The region’s youngest paramount chief was speaking on the sidelines of a citizens’ forum and town hall meeting organised in the Kassena-Nankana West District by the Centre for Democratic Development Ghana (CDD-Ghana) in partnership with the Ministry of Local Government and Rural Development (MLGRD). It was funded by the Open Society Initiative for West Africa (OSIWA) and facilitated by the Rural Initiatives for Self-Empowerment Ghana (RISE-Ghana).

The Swelling Figures of Teenage Pregnancies

At least 57,000 teenage pregnancies were recorded in Ghana within the first half of 2017, according to Marie Stopes International, a charity foundation into contraception and safe abortion care services.

The Upper East region recorded 5,518 teenage pregnancy cases in 2014 and 5,564 in 2015. In 2016, the region topped a national list of teenage pregnancies with 5,587 cases. Updates picked by Starr News from the GHS this week revealed 6,187 cases were documented in the region in 2017.

In the concluding months ahead, there will be many festivals everywhere in the region to recognise the role the gods are believed to have played ‘behind the scenes’ to make possible the bumper harvests of a 2018 that gave more rainwater than was asked for, including the unsolicited killer excess water parcelled and dispatched from the Bagre Dam by a caring neighbour, Burkina Faso.

From the unrestricted festival grounds, there are bound to be ‘bumper harvests’ of teenage pregnancies, too, in what could double the 3,046 cases already recorded between January and June, this year.

Unsafe Abortion Kills 3

Speaking at the forum, the Kassena-Nankana West District Director of Health Services, Juliana Anam-erime, revealed that three people died in 2017 from unsafe abortion in the district, one of them a teenager whose reason for the chancy decision she took is yet unknown.

“We are also working towards reduction in maternal and newborn deaths in the district.
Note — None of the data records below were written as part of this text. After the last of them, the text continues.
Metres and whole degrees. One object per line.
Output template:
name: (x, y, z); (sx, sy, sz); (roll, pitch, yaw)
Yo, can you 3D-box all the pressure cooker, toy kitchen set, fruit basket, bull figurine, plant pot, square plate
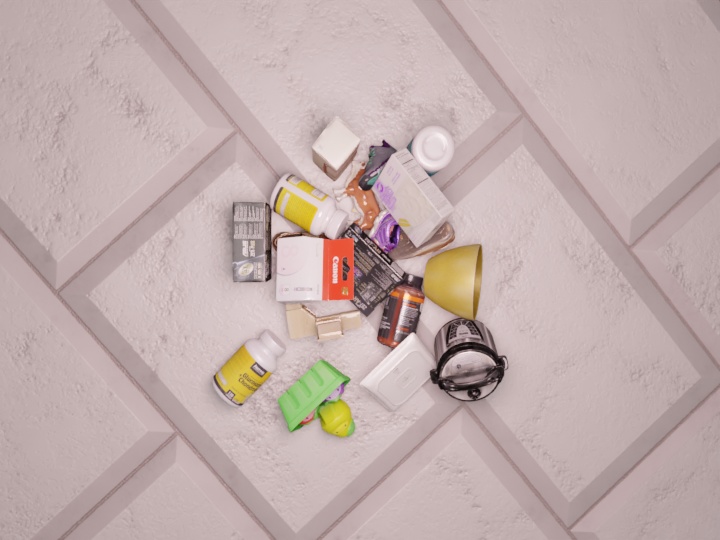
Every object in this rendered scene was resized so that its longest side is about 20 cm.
pressure cooker: (0.286, 0.244, 1.394); (0.176, 0.201, 0.177); (29, 115, -10)
toy kitchen set: (-0.103, 0.085, 1.396); (0.195, 0.163, 0.185); (-8, 93, -4)
fruit basket: (-0.096, 0.374, 1.427); (0.210, 0.156, 0.221); (-1, 79, 8)
bull figurine: (-0.005, -0.199, 1.441); (0.119, 0.065, 0.204); (-22, 92, 0)
plant pot: (0.249, 0.025, 1.422); (0.139, 0.199, 0.205); (6, 92, 18)
square plate: (0.116, 0.288, 1.431); (0.200, 0.028, 0.199); (-43, 134, -2)

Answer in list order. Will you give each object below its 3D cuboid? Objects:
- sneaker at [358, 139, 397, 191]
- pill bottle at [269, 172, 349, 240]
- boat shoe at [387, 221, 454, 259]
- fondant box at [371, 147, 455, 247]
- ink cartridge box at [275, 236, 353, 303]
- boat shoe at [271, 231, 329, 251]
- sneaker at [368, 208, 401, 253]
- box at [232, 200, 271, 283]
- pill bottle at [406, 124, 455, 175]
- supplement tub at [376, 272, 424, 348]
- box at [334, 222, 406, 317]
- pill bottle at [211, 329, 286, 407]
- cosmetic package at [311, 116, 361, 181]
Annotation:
sneaker: (0.035, -0.284, 1.406); (0.087, 0.075, 0.200); (43, 45, 5)
pill bottle: (-0.133, -0.163, 1.392); (0.197, 0.111, 0.113); (30, 90, 7)
boat shoe: (0.168, -0.070, 1.435); (0.196, 0.072, 0.078); (-16, 65, 25)
fondant box: (0.128, -0.180, 1.322); (0.058, 0.145, 0.202); (-29, 77, -32)
ink cartridge box: (-0.118, -0.004, 1.336); (0.195, 0.057, 0.167); (-5, 77, 19)
boat shoe: (-0.145, -0.071, 1.431); (0.195, 0.072, 0.078); (-3, 93, -4)
sneaker: (0.055, -0.066, 1.416); (0.080, 0.083, 0.203); (4, 118, -45)
box: (-0.281, -0.073, 1.375); (0.084, 0.164, 0.206); (0, 93, -5)
pill bottle: (0.174, -0.305, 1.382); (0.108, 0.200, 0.114); (0, 91, -4)
supplement tub: (0.116, 0.110, 1.441); (0.104, 0.107, 0.205); (15, 90, -5)
box: (0.000, 0.000, 1.399); (0.200, 0.044, 0.160); (43, 118, -1)
pill bottle: (-0.295, 0.259, 1.414); (0.112, 0.112, 0.200); (44, 89, -5)
cosmetic package: (-0.064, -0.309, 1.363); (0.087, 0.200, 0.104); (41, 89, -4)
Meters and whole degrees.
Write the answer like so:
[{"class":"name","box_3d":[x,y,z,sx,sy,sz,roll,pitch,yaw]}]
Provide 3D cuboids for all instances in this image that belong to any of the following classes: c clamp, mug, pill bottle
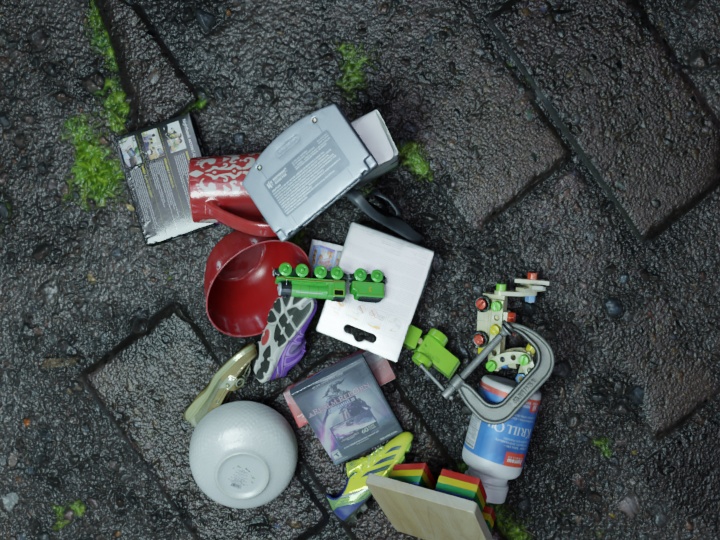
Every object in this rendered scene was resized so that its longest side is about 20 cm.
[{"class":"c clamp","box_3d":[0.221,0.162,1.386,0.199,0.027,0.172,-41,70,6]},{"class":"mug","box_3d":[-0.189,-0.137,1.382,0.195,0.178,0.137,-2,103,-6]},{"class":"pill bottle","box_3d":[0.242,0.297,1.439,0.110,0.112,0.205,14,93,2]}]

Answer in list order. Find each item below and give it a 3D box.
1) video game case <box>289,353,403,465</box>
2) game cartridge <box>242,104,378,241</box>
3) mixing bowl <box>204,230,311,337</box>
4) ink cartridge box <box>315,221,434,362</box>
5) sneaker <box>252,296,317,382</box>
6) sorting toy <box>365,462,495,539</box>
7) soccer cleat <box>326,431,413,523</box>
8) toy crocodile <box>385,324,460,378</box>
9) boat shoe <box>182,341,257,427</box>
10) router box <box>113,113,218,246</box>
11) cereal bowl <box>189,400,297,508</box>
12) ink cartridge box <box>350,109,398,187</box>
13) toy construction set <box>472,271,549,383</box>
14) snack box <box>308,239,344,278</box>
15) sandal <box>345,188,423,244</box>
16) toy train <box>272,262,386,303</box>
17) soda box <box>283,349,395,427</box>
[{"class":"video game case","box_3d":[-0.021,0.248,1.439,0.140,0.019,0.202,-26,126,2]},{"class":"game cartridge","box_3d":[-0.084,-0.158,1.278,0.198,0.040,0.135,-37,89,15]},{"class":"mixing bowl","box_3d":[-0.195,0.002,1.425,0.200,0.200,0.109,-43,50,2]},{"class":"ink cartridge box","box_3d":[0.028,0.037,1.440,0.159,0.050,0.204,19,92,7]},{"class":"sneaker","box_3d":[-0.124,0.113,1.443,0.202,0.082,0.081,-58,49,33]},{"class":"sorting toy","box_3d":[0.132,0.399,1.399,0.195,0.202,0.071,8,55,28]},{"class":"soccer cleat","box_3d":[0.017,0.361,1.475,0.083,0.065,0.201,41,90,13]},{"class":"toy crocodile","box_3d":[0.092,0.122,1.467,0.198,0.062,0.068,34,77,-4]},{"class":"boat shoe","box_3d":[-0.240,0.211,1.462,0.063,0.073,0.201,42,106,1]},{"class":"router box","box_3d":[-0.343,-0.161,1.475,0.146,0.051,0.205,-17,92,1]},{"class":"cereal bowl","box_3d":[-0.206,0.338,1.441,0.195,0.084,0.205,-2,111,-6]},{"class":"ink cartridge box","box_3d":[-0.013,-0.190,1.388,0.144,0.200,0.085,-27,90,2]},{"class":"toy construction set","box_3d":[0.268,0.099,1.441,0.128,0.092,0.205,7,84,27]},{"class":"snack box","box_3d":[0.000,0.000,1.481,0.195,0.024,0.074,13,91,2]},{"class":"sandal","box_3d":[0.043,-0.104,1.409,0.076,0.199,0.043,41,100,40]},{"class":"toy train","box_3d":[-0.051,0.024,1.378,0.195,0.042,0.058,4,73,-11]},{"class":"soda box","box_3d":[-0.036,0.202,1.470,0.197,0.063,0.071,-27,92,3]}]
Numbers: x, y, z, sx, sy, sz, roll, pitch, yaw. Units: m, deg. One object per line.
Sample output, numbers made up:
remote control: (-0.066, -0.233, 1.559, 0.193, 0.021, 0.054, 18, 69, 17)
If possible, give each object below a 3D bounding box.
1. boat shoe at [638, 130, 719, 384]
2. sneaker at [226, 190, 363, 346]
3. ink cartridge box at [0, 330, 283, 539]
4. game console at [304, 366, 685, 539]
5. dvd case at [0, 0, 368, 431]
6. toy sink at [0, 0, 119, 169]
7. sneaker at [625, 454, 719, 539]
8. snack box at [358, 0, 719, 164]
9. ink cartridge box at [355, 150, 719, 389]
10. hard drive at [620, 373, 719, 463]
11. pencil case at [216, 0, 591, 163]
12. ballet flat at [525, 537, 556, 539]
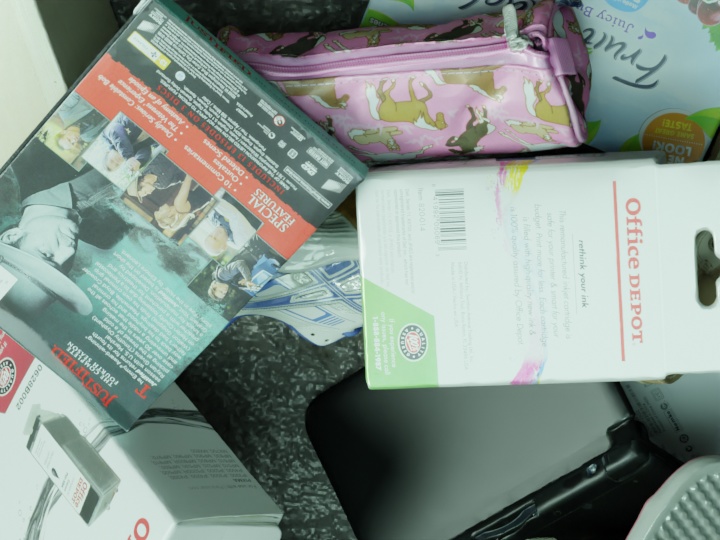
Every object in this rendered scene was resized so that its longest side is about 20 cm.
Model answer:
boat shoe: (0.207, -0.020, 1.348, 0.064, 0.071, 0.200, 32, 102, 30)
sneaker: (0.000, 0.000, 1.416, 0.200, 0.075, 0.088, 6, 121, 15)
ink cartridge box: (-0.153, 0.133, 1.415, 0.200, 0.083, 0.147, 46, 118, 37)
game console: (0.097, 0.116, 1.451, 0.200, 0.116, 0.176, -33, 133, 31)
dvd case: (-0.114, -0.028, 1.301, 0.146, 0.022, 0.200, 39, 110, -9)
toy sink: (-0.189, -0.082, 1.370, 0.112, 0.130, 0.200, -14, 110, 13)
sneaker: (0.158, 0.179, 1.396, 0.075, 0.105, 0.200, 12, 108, -16)
snack box: (0.114, -0.150, 1.343, 0.200, 0.053, 0.142, 22, 115, -1)
ink cartridge box: (0.103, -0.002, 1.310, 0.200, 0.067, 0.117, -2, 96, 11)
hard drive: (0.210, 0.059, 1.430, 0.200, 0.026, 0.132, -27, 106, 17)
pencil case: (0.020, -0.096, 1.308, 0.200, 0.083, 0.087, -5, 119, 15)
ballet flat: (0.090, 0.191, 1.387, 0.068, 0.075, 0.200, 11, 152, -10)
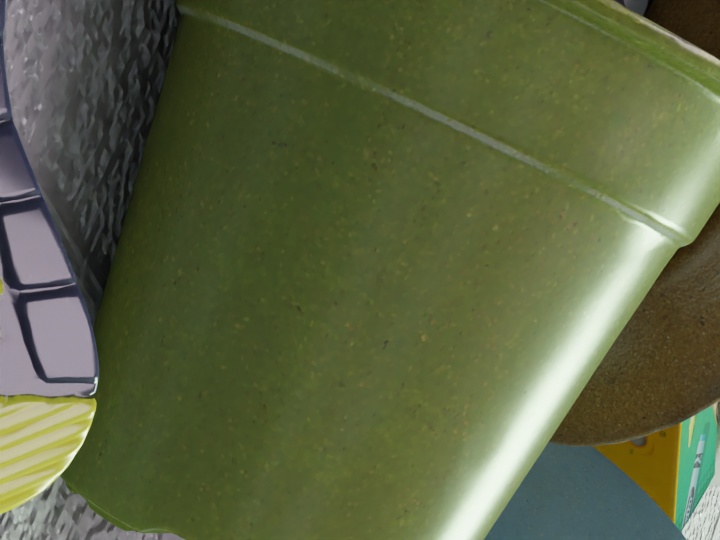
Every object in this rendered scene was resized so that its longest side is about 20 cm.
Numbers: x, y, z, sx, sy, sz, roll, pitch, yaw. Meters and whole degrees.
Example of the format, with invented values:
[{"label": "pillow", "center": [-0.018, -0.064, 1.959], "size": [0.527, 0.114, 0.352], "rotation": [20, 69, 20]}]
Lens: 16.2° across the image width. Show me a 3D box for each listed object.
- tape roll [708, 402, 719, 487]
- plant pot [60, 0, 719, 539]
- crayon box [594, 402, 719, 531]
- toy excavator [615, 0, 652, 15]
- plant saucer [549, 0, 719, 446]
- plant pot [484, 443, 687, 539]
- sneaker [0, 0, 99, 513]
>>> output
[{"label": "tape roll", "center": [0.146, -0.003, 1.124], "size": [0.203, 0.037, 0.204], "rotation": [174, -90, -78]}, {"label": "plant pot", "center": [0.000, 0.000, 0.755], "size": [0.191, 0.200, 0.200], "rotation": [-64, 158, 1]}, {"label": "crayon box", "center": [0.085, 0.002, 1.018], "size": [0.058, 0.118, 0.201], "rotation": [-46, 142, -54]}, {"label": "toy excavator", "center": [0.053, -0.207, 0.868], "size": [0.195, 0.099, 0.201], "rotation": [67, 35, -47]}, {"label": "plant saucer", "center": [0.100, -0.036, 0.853], "size": [0.035, 0.200, 0.201], "rotation": [37, 61, -30]}, {"label": "plant pot", "center": [0.064, 0.152, 0.933], "size": [0.200, 0.134, 0.201], "rotation": [-162, -90, -89]}, {"label": "sneaker", "center": [-0.119, -0.043, 0.564], "size": [0.074, 0.082, 0.201], "rotation": [-11, 95, -38]}]
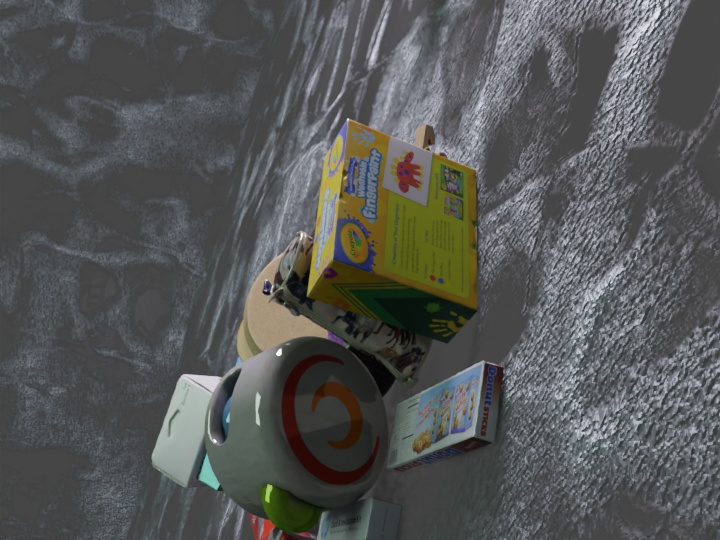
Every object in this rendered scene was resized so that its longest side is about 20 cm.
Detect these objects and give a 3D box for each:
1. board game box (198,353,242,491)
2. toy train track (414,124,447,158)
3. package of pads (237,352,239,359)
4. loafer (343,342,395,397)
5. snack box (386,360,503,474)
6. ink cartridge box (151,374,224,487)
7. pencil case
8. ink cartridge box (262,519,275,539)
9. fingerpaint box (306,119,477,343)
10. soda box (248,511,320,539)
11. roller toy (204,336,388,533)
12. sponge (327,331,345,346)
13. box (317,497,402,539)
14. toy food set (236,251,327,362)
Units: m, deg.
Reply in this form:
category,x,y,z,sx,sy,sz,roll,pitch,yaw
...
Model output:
category,x,y,z,sx,sy,sz,roll,pitch,yaw
board game box,-0.144,0.218,1.404,0.044,0.151,0.203,17,89,33
toy train track,0.075,-0.079,1.196,0.114,0.032,0.204,-12,66,64
package of pads,-0.114,0.071,1.527,0.201,0.075,0.121,-57,-2,40
loafer,0.025,0.072,1.144,0.071,0.072,0.202,-82,17,-74
snack box,0.078,0.148,0.940,0.200,0.024,0.073,138,147,-61
ink cartridge box,-0.201,0.243,1.454,0.083,0.199,0.148,22,95,34
pencil case,-0.007,0.046,1.048,0.078,0.198,0.090,-28,31,62
ink cartridge box,-0.089,0.229,1.250,0.162,0.050,0.200,-46,14,11
fingerpaint box,0.038,-0.043,1.028,0.074,0.164,0.203,127,155,-46
soda box,-0.101,0.335,1.271,0.200,0.062,0.071,-140,69,-72
roller toy,-0.071,0.175,1.057,0.139,0.199,0.185,-26,88,43
sponge,0.000,0.000,1.209,0.112,0.029,0.202,82,-155,-55
box,-0.018,0.351,1.014,0.156,0.041,0.203,142,144,-62
toy food set,-0.070,0.055,1.303,0.049,0.195,0.203,50,-124,-55

Our district hasn’t got a hospital. Unfortunately, last year, we contributed to maternal deaths at the Navrongo War Memorial Hospital. We contributed to five deaths.

“Three of these were as a result of unsafe abortion. We have come up with strategies to reduce this in 2018 through serious community engagement,” she said.

Let Nursing Girls Carry their Babies — Chief tells Mothers

Going beyond his recommendations on the neglect being meted out to girls by those who impregnate them, Pe Atoge IV also urged parents to avoid extending a helping hand that could rather end up drawing more teenage pregnancies into their families.

“When the girls give birth, parents should not take the child from them. They should let the girls carry the babies themselves to feel that pain, too. What some parents do is, after the birth, instead of the girl to also go through some punishment so that she doesn’t go back doing that thing again, they take the babies from the girls.

“Then, the girls go around and still do the same thing. Let her carry the baby herself after the nine months and feed the baby. The cry of the baby in itself would inspire her to stay away from early pregnancy,” he said.